> _SOURCE MATERIAL_

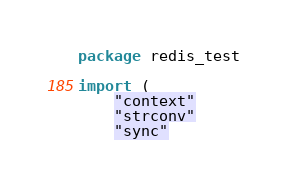Convert code to text. <code><loc_0><loc_0><loc_500><loc_500><_Go_>package redis_test

import (
	"context"
	"strconv"
	"sync"
</code>

> _EXERCISE OBJECTIVE_
Leaving out only the pictures, reproduce the listing exactly.

> _EXERCISE ANSWER_
Convert code to text. <code><loc_0><loc_0><loc_500><loc_500><_Go_>package redis_test

import (
	"context"
	"strconv"
	"sync"
</code>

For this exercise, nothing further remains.